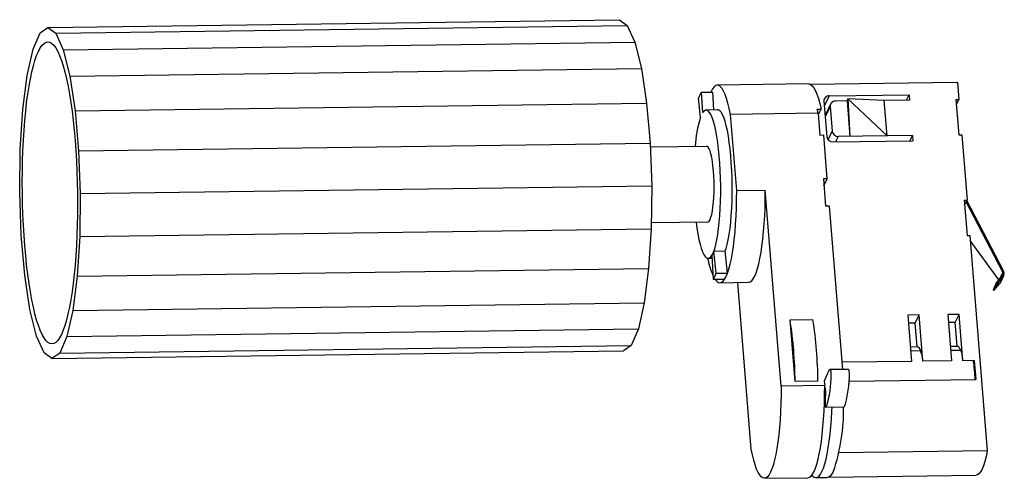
# Model space of a CAD drawing. Header units: millimetres. Extents: x -127 to 43, y -34 to 45.
import ezdxf

# ---------------------------------------------------------------- set-up
doc = ezdxf.new("R2010")
doc.units = ezdxf.units.MM

msp = doc.modelspace()

# ---------------------------------------------------------------- linework, layer by layer
at = {"color": 7, "linetype": 'Continuous', "lineweight": 25}
for p, q in [((-121.66, 43.75), (-23.34, 45.07)), ((-120.3, 42.75), (-21.99, 44.07)), ((-23.34, 45.07), (-21.99, 44.07)), ((-21.99, 44.07), (-20.7, 41.2)), ((-124.21, 39.99), (-122.99, 42.81)), ((-122.99, 42.81), (-121.66, 43.75)), ((-121.66, 43.75), (-120.3, 42.75)), ((-120.3, 42.75), (-119.01, 39.88)), ((-119.01, 39.88), (-20.7, 41.2)), ((-20.7, 41.2), (-19.56, 36.65)), ((-125.23, 35.48), (-124.21, 39.99)), ((-119.01, 39.88), (-117.88, 35.33)), ((-117.88, 35.33), (-19.56, 36.65)), ((-19.56, 36.65), (-18.67, 30.73)), ((-125.99, 29.6), (-125.23, 35.48)), ((-117.88, 35.33), (-116.98, 29.41)), ((9.22, 34.01), (-6.51, 33.8)), ((34.72, 34.26), (9.54, 33.92)), ((34.81, 34.26), (9.55, 33.92)), ((34.72, 34.26), (34.81, 34.26)), ((34.81, 34.26), (35.04, 31.34)), ((-9.24, 32.6), (-7.27, 32.62)), ((-9.02, 29.07), (-9.24, 32.6)), ((-7.08, 29.54), (-7.27, 32.62)), ((-116.98, 29.41), (-18.67, 30.73)), ((-18.67, 30.73), (-18.06, 23.84)), ((-9.41, 28.26), (-9.74, 31.55)), ((11.84, 31.03), (12.33, 24.94)), ((12.97, 30.55), (12.03, 28.57)), ((12.74, 31.98), (26.51, 32.16)), ((15.81, 31.08), (13.8, 31.06)), ((15.97, 31.43), (15.81, 31.08)), ((15.81, 31.08), (16.3, 24.99)), ((15.97, 31.43), (16.3, 24.99)), ((22.69, 25.08), (15.97, 31.43)), ((22.2, 31.17), (15.97, 31.43)), ((26.58, 31.23), (22.2, 31.17)), ((22.69, 25.08), (22.2, 31.17)), ((26.06, 31.22), (26.51, 32.16)), ((26.51, 32.16), (26.58, 31.23)), ((34.55, 31.33), (35.04, 31.34)), ((34.55, 31.33), (35.05, 25.25)), ((34.62, 30.46), (35.04, 31.34)), ((-126.42, 22.74), (-125.99, 29.6)), ((-116.98, 29.41), (-116.38, 22.52)), ((-6.45, 29.55), (-8.42, 29.52)), ((10.82, 28.96), (-4.23, 28.76)), ((10.68, 29.68), (11.35, 29.69)), ((10.82, 28.96), (11.13, 25.16)), ((10.85, 28.64), (11.35, 29.69)), ((12.89, 30.11), (13.24, 25.89)), ((-3.17, 15.67), (-4.23, 28.76)), ((-116.38, 22.52), (-18.06, 23.84)), ((-18.06, 23.84), (-17.79, 16.46)), ((11.81, 25.17), (11.13, 25.16)), ((12.41, 17.67), (11.81, 25.17)), ((13.39, 24.02), (27.15, 24.2)), ((27.08, 25.14), (14.29, 24.97)), ((26.63, 24.19), (27.08, 25.14)), ((27.08, 25.14), (27.15, 24.2)), ((35.05, 25.25), (35.54, 25.25)), ((35.54, 25.25), (36.45, 14.01)), ((-126.51, 15.36), (-126.42, 22.74)), ((-116.38, 22.52), (-116.11, 15.14)), ((-8.34, 23.27), (-18.04, 23.14)), ((12.41, 17.67), (11.74, 17.66)), ((11.74, 17.66), (12.12, 12.98)), ((11.84, 16.46), (12.41, 17.67)), ((-126.24, 7.98), (-126.51, 15.36)), ((-116.11, 15.14), (-17.79, 16.46)), ((-17.79, 16.46), (-17.88, 9.09)), ((-3.17, 15.67), (1.74, 15.74)), ((4.48, -17.99), (1.74, 15.74)), ((-116.11, 15.14), (-116.19, 7.77)), ((35.96, 14), (36.45, 14.01)), ((35.96, 14), (36.45, 7.91)), ((36.03, 13.13), (36.45, 14.01)), ((42.61, 1.61), (36.32, 13.75)), ((42.78, 1.73), (36.43, 13.98)), ((12.79, 12.99), (12.12, 12.98)), ((15.07, -15.13), (12.79, 12.99)), ((-17.87, 10.14), (-8.16, 10.27)), ((-116.19, 7.77), (-17.88, 9.09)), ((-17.88, 9.09), (-18.32, 2.23)), ((-125.64, 1.1), (-126.24, 7.98)), ((-116.19, 7.77), (-116.63, 0.91)), ((36.45, 7.91), (36.94, 7.92)), ((36.94, 7.92), (39.94, -29.11)), ((41.94, 0.27), (37.01, 7.08)), ((-7.1, 5.26), (-5.13, 5.29)), ((-6.72, 1.43), (-7.1, 5.26)), ((-4.75, 1.45), (-5.13, 5.29)), ((-8.08, 4.02), (-7.44, 4.03)), ((-7.47, 4.48), (-7.21, 0.39)), ((-116.63, 0.91), (-18.32, 2.23)), ((-18.32, 2.23), (-19.07, -3.65)), ((-124.74, -4.82), (-125.64, 1.1)), ((-116.63, 0.91), (-117.38, -4.97)), ((-7.21, 0.39), (-5.24, 0.41)), ((-6.72, 1.43), (-4.75, 1.45)), ((41.41, -0.41), (42.56, 1.08)), ((41.55, -0.56), (42.71, 0.93)), ((42.71, 0.93), (42.11, -0.32)), ((42.18, -0.21), (42.79, 1.06)), ((-6.05, -0.2), (-1.14, -0.13)), ((-0.68, -28.82), (-3, -0.16)), ((41.41, -0.41), (40.92, -1.44)), ((41.08, -1.56), (40.92, -1.44)), ((41.08, -1.56), (42.11, -0.32)), ((41.55, -0.56), (41.08, -1.56)), ((41.55, -0.56), (41.41, -0.41)), ((-123.61, -9.37), (-124.74, -4.82)), ((-117.38, -4.97), (-118.41, -9.48)), ((-117.38, -4.97), (-19.07, -3.65)), ((-19.07, -3.65), (-20.09, -8.16)), ((6.01, -6.58), (9.94, -6.53)), ((6.87, -17.18), (6.01, -6.58)), ((28.21, -5.75), (26.24, -5.77)), ((26.24, -5.77), (26.89, -13.73)), ((27.54, -7.14), (28.21, -5.75)), ((28.85, -13.71), (28.21, -5.75)), ((35.09, -5.65), (33.12, -5.68)), ((33.12, -5.68), (33.77, -13.64)), ((34.42, -7.05), (35.09, -5.65)), ((35.73, -13.62), (35.09, -5.65)), ((-118.41, -9.48), (-20.09, -8.16)), ((-20.09, -8.16), (-21.31, -10.98)), ((27.54, -7.14), (26.35, -7.16)), ((27.87, -11.2), (27.54, -7.14)), ((34.42, -7.05), (33.24, -7.07)), ((34.75, -11.11), (34.42, -7.05)), ((-122.32, -12.24), (-123.61, -9.37)), ((-118.41, -9.48), (-119.62, -12.3)), ((-119.62, -12.3), (-21.31, -10.98)), ((-21.31, -10.98), (-22.65, -11.92)), ((26.68, -11.21), (27.87, -11.2)), ((33.56, -11.12), (34.75, -11.11)), ((35.34, -11.85), (33.62, -11.87)), ((-120.96, -13.24), (-122.32, -12.24)), ((-120.96, -13.24), (-22.65, -11.92)), ((-119.62, -12.3), (-120.96, -13.24)), ((28.45, -11.94), (26.74, -11.96)), ((16.03, -15.12), (12.9, -15.16)), ((26.89, -13.73), (14.97, -13.89)), ((33.77, -13.64), (28.85, -13.71)), ((37.7, -13.59), (35.73, -13.62)), ((37.7, -13.59), (37.97, -16.87)), ((16.18, -17.16), (37.97, -16.87)), ((11.96, -17.89), (4.48, -17.99)), ((10.8, -17.13), (6.87, -17.18)), ((11.9, -17.12), (11.96, -17.89)), ((12.02, -18.34), (11.96, -18.34)), ((11.94, -19.87), (12.09, -19.57)), ((12.09, -19.08), (11.96, -19.08)), ((12.12, -21.61), (15.26, -21.57)), ((39.94, -29.11), (14.4, -29.46)), ((1.59, -33.86), (9.08, -33.76)), ((10.44, -33.74), (12.41, -33.72)), ((12.67, -33.65), (38.03, -33.31))]:
    msp.add_line(p, q, dxfattribs=at)
at = {"color": 8, "linetype": 'Continuous', "lineweight": 25}
for p, q in [((12.74, 31.98), (11.9, 30.21)), ((12.89, 30.11), (12.05, 28.34)), ((12.54, 24.42), (13.24, 25.89)), ((14.29, 24.97), (13.85, 24.02)), ((42.61, 1.61), (42.03, 0.39))]:
    msp.add_line(p, q, dxfattribs=at)
at = {"color": 7, "linetype": 'Continuous', "lineweight": 25, "flags": 128}
for points in [[(-125.63, 6.17), (-125.76, 7.93), (-125.87, 9.73), (-125.96, 11.56), (-126.02, 13.4), (-126.05, 15.26), (-126.06, 17.11), (-126.05, 18.95), (-126.01, 20.78), (-125.95, 22.58), (-125.87, 24.34), (-125.76, 26.05), (-125.63, 27.71), (-125.48, 29.31), (-125.31, 30.83), (-125.11, 32.28), (-124.9, 33.64), (-124.67, 34.9), (-124.42, 36.07), (-124.16, 37.13), (-123.88, 38.07), (-123.59, 38.9), (-123.28, 39.61), (-122.97, 40.2), (-122.65, 40.66), (-122.32, 40.99), (-121.98, 41.19), (-121.65, 41.25), (-121.31, 41.19), (-120.97, 40.99), (-120.63, 40.66), (-120.3, 40.2), (-119.97, 39.61), (-119.64, 38.9), (-119.33, 38.07), (-119.03, 37.12), (-118.74, 36.07), (-118.46, 34.9), (-118.19, 33.64), (-117.94, 32.28), (-117.71, 30.83), (-117.5, 29.31), (-117.31, 27.71), (-117.13, 26.05), (-116.98, 24.34), (-116.85, 22.58), (-116.75, 20.78), (-116.66, 18.95), (-116.6, 17.11), (-116.57, 15.25), (-116.55, 13.4), (-116.57, 11.55), (-116.6, 9.73), (-116.66, 7.93), (-116.75, 6.17), (-116.85, 4.45), (-116.98, 2.79), (-117.14, 1.2), (-117.31, -0.33), (-117.5, -1.77), (-117.72, -3.13), (-117.95, -4.39), (-118.2, -5.56), (-118.46, -6.62), (-118.74, -7.56), (-119.03, -8.39), (-119.34, -9.1), (-119.65, -9.69), (-119.97, -10.15), (-120.3, -10.48), (-120.63, -10.68), (-120.97, -10.74), (-121.31, -10.68), (-121.65, -10.48), (-121.99, -10.15), (-122.32, -9.69), (-122.65, -9.1), (-122.97, -8.39), (-123.29, -7.56), (-123.59, -6.62), (-123.88, -5.56), (-124.16, -4.39), (-124.42, -3.13), (-124.67, -1.77), (-124.9, -0.32), (-125.12, 1.2), (-125.31, 2.8), (-125.48, 4.46), (-125.63, 6.17)], [(9.22, 34.01), (9.27, 34.01), (9.55, 33.92), (9.83, 33.69), (10.1, 33.34), (10.37, 32.85), (10.63, 32.24), (10.88, 31.5), (11.12, 30.65), (11.35, 29.69)], [(-4.23, 28.76), (-4.45, 29.77), (-4.68, 30.69), (-4.92, 31.5), (-5.17, 32.2), (-5.43, 32.77), (-5.69, 33.22), (-5.97, 33.54), (-6.24, 33.74), (-6.51, 33.8), (-6.79, 33.72), (-7.06, 33.52), (-7.32, 33.19), (-7.57, 32.72), (-7.62, 32.62)], [(-10.16, 10.25), (-10.02, 9.21), (-9.86, 8.19), (-9.67, 7.26), (-9.48, 6.44), (-9.26, 5.72), (-9.04, 5.12), (-8.81, 4.65), (-8.58, 4.31), (-8.34, 4.1), (-8.09, 4.02), (-7.85, 4.08), (-7.62, 4.28), (-7.39, 4.61), (-7.17, 5.07), (-6.96, 5.66), (-6.77, 6.36), (-6.59, 7.18), (-6.43, 8.1), (-6.29, 9.11), (-6.17, 10.2), (-6.07, 11.36), (-6, 12.58), (-5.95, 13.85), (-5.92, 15.14), (-5.92, 16.46), (-5.94, 17.77), (-5.99, 19.08), (-6.06, 20.36), (-6.16, 21.61), (-6.28, 22.8), (-6.42, 23.93), (-6.57, 24.98), (-6.75, 25.94), (-6.94, 26.8), (-7.15, 27.56), (-7.37, 28.21), (-7.6, 28.73), (-7.83, 29.12), (-8.07, 29.38), (-8.31, 29.51), (-8.55, 29.5), (-8.79, 29.35), (-9.02, 29.07), (-9.02, 29.07)], [(-5.13, 5.29), (-5, 5.68), (-4.8, 6.39), (-4.63, 7.2), (-4.47, 8.12), (-4.32, 9.13), (-4.2, 10.22), (-4.11, 11.39), (-4.03, 12.61), (-3.98, 13.87), (-3.95, 15.17), (-3.95, 16.48), (-3.98, 17.8), (-4.02, 19.11), (-4.1, 20.39), (-4.19, 21.63), (-4.31, 22.82), (-4.45, 23.95), (-4.61, 25), (-4.78, 25.97), (-4.98, 26.83), (-5.18, 27.59), (-5.4, 28.23), (-5.63, 28.75), (-5.86, 29.15), (-6.1, 29.41), (-6.34, 29.53), (-6.45, 29.55)], [(-7.17, 19.04), (-7.25, 19.89), (-7.35, 20.67), (-7.47, 21.37), (-7.6, 21.97), (-7.75, 22.48), (-7.91, 22.86), (-8.08, 23.12), (-8.25, 23.25), (-8.34, 23.27)], [(-8.16, 10.27), (-8.08, 10.29), (-7.91, 10.42), (-7.75, 10.68), (-7.61, 11.07), (-7.47, 11.57), (-7.35, 12.18), (-7.25, 12.88), (-7.17, 13.66), (-7.11, 14.5), (-7.07, 15.39), (-7.06, 16.31), (-7.07, 17.23), (-7.11, 18.15), (-7.17, 19.04)], [(-6.88, 0.39), (-6.87, 0.37), (-6.6, 0.05), (-6.32, -0.14), (-6.05, -0.2), (-5.78, -0.13), (-5.51, 0.08), (-5.25, 0.41), (-4.99, 0.87), (-4.75, 1.46), (-4.51, 2.16), (-4.3, 2.98), (-4.09, 3.91), (-3.91, 4.93), (-3.74, 6.05), (-3.59, 7.26), (-3.46, 8.53), (-3.36, 9.88), (-3.28, 11.27), (-3.22, 12.71), (-3.18, 14.18), (-3.17, 15.67)], [(-1.14, -0.13), (-1.13, -0.13), (-0.86, -0.06), (-0.59, 0.14), (-0.33, 0.48), (-0.08, 0.94), (0.17, 1.52), (0.4, 2.23), (0.62, 3.05), (0.82, 3.97), (1.01, 5), (1.18, 6.12), (1.32, 7.32), (1.45, 8.6), (1.56, 9.94), (1.64, 11.34), (1.7, 12.78), (1.73, 14.25), (1.74, 15.74)], [(42.11, -0.32), (42.16, -0.25), (42.18, -0.21)], [(27.87, -11.2), (28.01, -11.22), (28.14, -11.33), (28.28, -11.53), (28.41, -11.82), (28.53, -12.18), (28.65, -12.62), (28.76, -13.13), (28.85, -13.71)], [(34.75, -11.11), (34.89, -11.13), (35.03, -11.24), (35.16, -11.44), (35.29, -11.72), (35.42, -12.09), (35.53, -12.53), (35.64, -13.04), (35.73, -13.62)], [(4.48, -17.99), (4.46, -19.48), (4.43, -20.95), (4.37, -22.39), (4.29, -23.79), (4.18, -25.13), (4.06, -26.4), (3.91, -27.61), (3.74, -28.73), (3.56, -29.75), (3.35, -30.68), (3.13, -31.5), (2.9, -32.21), (2.66, -32.79), (2.4, -33.25), (2.14, -33.59), (1.87, -33.79), (1.6, -33.86), (1.32, -33.8), (1.05, -33.61), (0.78, -33.29), (0.51, -32.84), (0.25, -32.26), (0, -31.57), (-0.24, -30.76), (-0.47, -29.84), (-0.68, -28.82)], [(9.08, -33.76), (9.09, -33.76), (9.36, -33.69), (9.63, -33.49), (9.89, -33.15), (10.14, -32.69), (10.39, -32.1), (10.62, -31.4), (10.84, -30.58), (11.04, -29.65), (11.23, -28.63), (11.4, -27.51), (11.54, -26.3), (11.67, -25.03), (11.78, -23.68), (11.86, -22.29), (11.92, -20.85), (11.95, -19.38), (11.96, -17.89)], [(9.76, -33.34), (9.9, -33.49), (10.17, -33.68), (10.45, -33.74), (10.72, -33.67), (10.99, -33.47), (11.25, -33.13), (11.5, -32.67), (11.75, -32.09), (11.98, -31.38), (12.2, -30.56), (12.4, -29.64), (12.59, -28.61), (12.76, -27.49), (12.9, -26.29), (13.03, -25.01), (13.14, -23.67), (13.22, -22.27), (13.25, -21.59)], [(39.94, -29.11), (39.74, -30.09), (39.52, -30.96), (39.28, -31.7), (39.03, -32.3), (38.77, -32.77), (38.5, -33.09), (38.23, -33.27), (38.03, -33.31)], [(13.47, -32.65), (13.22, -33.11), (12.95, -33.44), (12.69, -33.65), (12.41, -33.72), (12.41, -33.72)]]:
    msp.add_lwpolyline(points, dxfattribs=at)
at = {"color": 7, "linetype": 'Continuous', "lineweight": 25}
for centre, radius, start, end in [((-4.84, 29.86), 5.18, 148.1256, 160.944), ((12.72, 31.09), 0.889, 88.7063, 183.9363), ((13.78, 30.17), 0.889, 88.7063, 183.9363), ((-20.94, 22.82), 32.36, 10.934, 12.2436), ((11.84, 21.72), 22.23, 162.8964, 176.0802), ((14.27, 26.01), 1.04, 186.4738, 271.3365), ((13.36, 25.06), 1.04, 186.4738, 271.3365), ((-10.9, 6.59), 4.03, 328.3822, 340.6874), ((6.92, 7.05), 15.39, 191.3011, 202.8618), ((42.1, 1.39), 0.758, 322.7453, 26.7762), ((-11.78, 3.2), 5.37, 328.3822, 340.6874), ((-9.82, 3.23), 5.37, 328.3822, 340.6874), ((42.16, 1.38), 0.505, 322.7453, 26.7762), ((-65.46, -17.71), 72.33, 0.4161, 8.8473), ((-61.53, -17.66), 72.33, 0.4161, 8.8473), ((15.26, -17.32), 22.58, 1.146, 9.5097), ((-18.52, -21.93), 33.74, 341.4749, 0.6488)]:
    msp.add_arc(centre, radius, start, end, dxfattribs=at)
for points, knots in [([(11.96, -18.34), (12.08, -18.1), (12.12, -19.64), (11.91, -22.44), (12.88, -20.12), (13.41, -13.14), (12.24, -16.24), (11.9, -17.12)], [0, 0, 0, 0, 0.079516, 0.184773, 0.372948, 0.653449, 1, 1, 1, 1]), ([(15.26, -21.56), (15.26, -21.56), (15.3, -21.57), (15.37, -21.45), (15.48, -21.21), (15.6, -20.82), (15.78, -20.15), (15.97, -19.13), (16.12, -17.94), (16.19, -17.01), (16.22, -16.45), (16.23, -15.99), (16.22, -15.65), (16.19, -15.39), (16.15, -15.22), (16.1, -15.14), (16.06, -15.11), (16.04, -15.12), (16.03, -15.12)], [0, 0, 0, 0, 0.013042, 0.052368, 0.130153, 0.211568, 0.298818, 0.494733, 0.669967, 0.744575, 0.808247, 0.849932, 0.884602, 0.910249, 0.935424, 0.963643, 0.996738, 1, 1, 1, 1])]:
    msp.add_open_spline(points, degree=3, knots=knots, dxfattribs=at)

doc.saveas('drawing.dxf')

- [Work request]: Collect each line above holding the string "dxfattribs".

- [Expected answer]:
    msp.add_line(p, q, dxfattribs=at)
    msp.add_line(p, q, dxfattribs=at)
    msp.add_lwpolyline(points, dxfattribs=at)
    msp.add_arc(centre, radius, start, end, dxfattribs=at)
    msp.add_open_spline(points, degree=3, knots=knots, dxfattribs=at)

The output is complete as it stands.